Dataset excerpts
=====
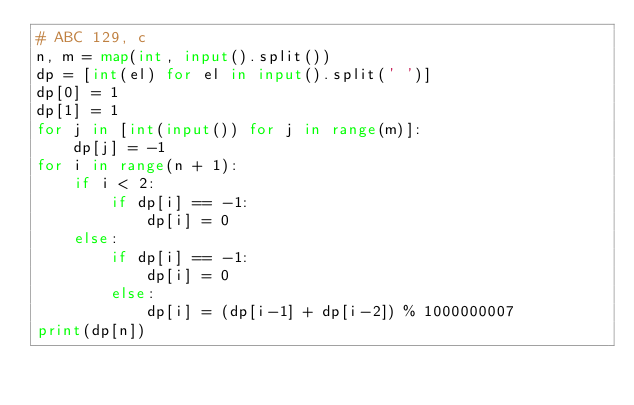<code> <loc_0><loc_0><loc_500><loc_500><_Python_># ABC 129, c
n, m = map(int, input().split())
dp = [int(el) for el in input().split(' ')]
dp[0] = 1
dp[1] = 1
for j in [int(input()) for j in range(m)]:
    dp[j] = -1
for i in range(n + 1):
    if i < 2:
        if dp[i] == -1:
            dp[i] = 0
    else:
        if dp[i] == -1:
            dp[i] = 0
        else:
            dp[i] = (dp[i-1] + dp[i-2]) % 1000000007
print(dp[n])
</code> 
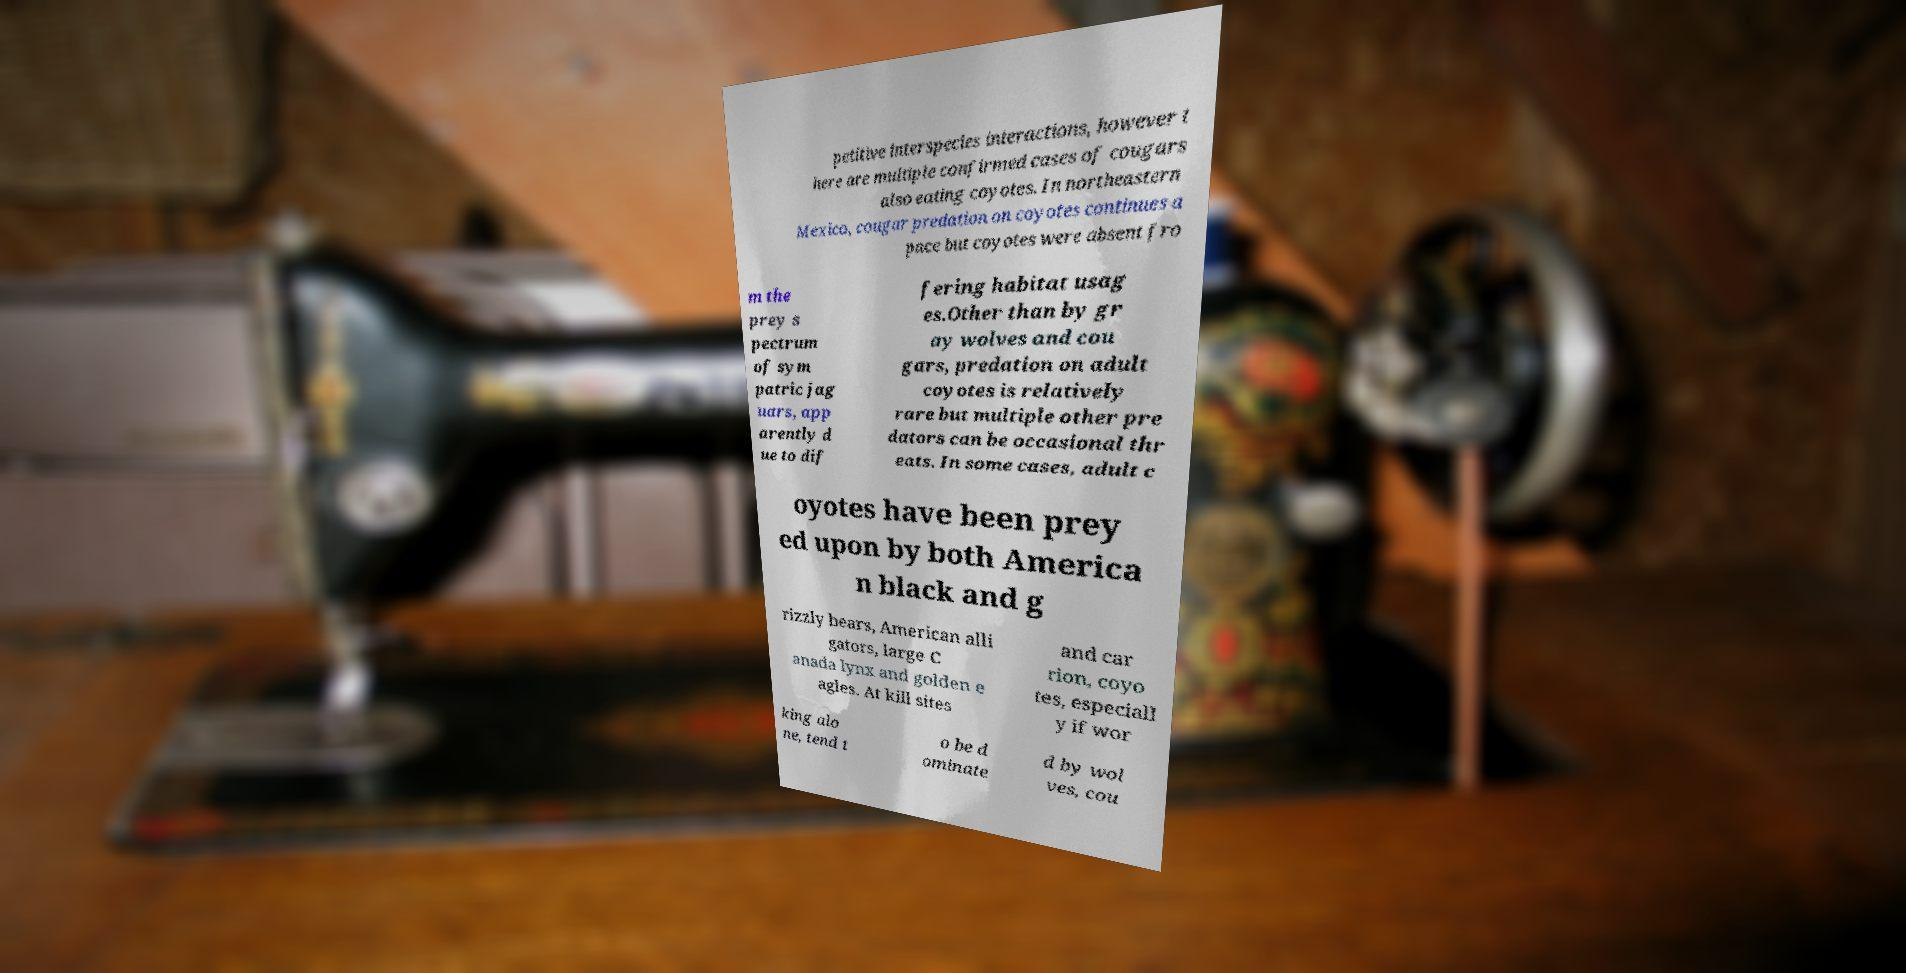For documentation purposes, I need the text within this image transcribed. Could you provide that? petitive interspecies interactions, however t here are multiple confirmed cases of cougars also eating coyotes. In northeastern Mexico, cougar predation on coyotes continues a pace but coyotes were absent fro m the prey s pectrum of sym patric jag uars, app arently d ue to dif fering habitat usag es.Other than by gr ay wolves and cou gars, predation on adult coyotes is relatively rare but multiple other pre dators can be occasional thr eats. In some cases, adult c oyotes have been prey ed upon by both America n black and g rizzly bears, American alli gators, large C anada lynx and golden e agles. At kill sites and car rion, coyo tes, especiall y if wor king alo ne, tend t o be d ominate d by wol ves, cou
=====
**WHAT YOU SHOULD DO**
An exact copy of all the lines above is required, with the pictures removed.

**SOLUTION FOR THIS TASK**
<code> <loc_0><loc_0><loc_500><loc_500><_Python_># ABC 129, c
n, m = map(int, input().split())
dp = [int(el) for el in input().split(' ')]
dp[0] = 1
dp[1] = 1
for j in [int(input()) for j in range(m)]:
    dp[j] = -1
for i in range(n + 1):
    if i < 2:
        if dp[i] == -1:
            dp[i] = 0
    else:
        if dp[i] == -1:
            dp[i] = 0
        else:
            dp[i] = (dp[i-1] + dp[i-2]) % 1000000007
print(dp[n])
</code> 
For documentation purposes, I need the text within this image transcribed. Could you provide that? petitive interspecies interactions, however t here are multiple confirmed cases of cougars also eating coyotes. In northeastern Mexico, cougar predation on coyotes continues a pace but coyotes were absent fro m the prey s pectrum of sym patric jag uars, app arently d ue to dif fering habitat usag es.Other than by gr ay wolves and cou gars, predation on adult coyotes is relatively rare but multiple other pre dators can be occasional thr eats. In some cases, adult c oyotes have been prey ed upon by both America n black and g rizzly bears, American alli gators, large C anada lynx and golden e agles. At kill sites and car rion, coyo tes, especiall y if wor king alo ne, tend t o be d ominate d by wol ves, cou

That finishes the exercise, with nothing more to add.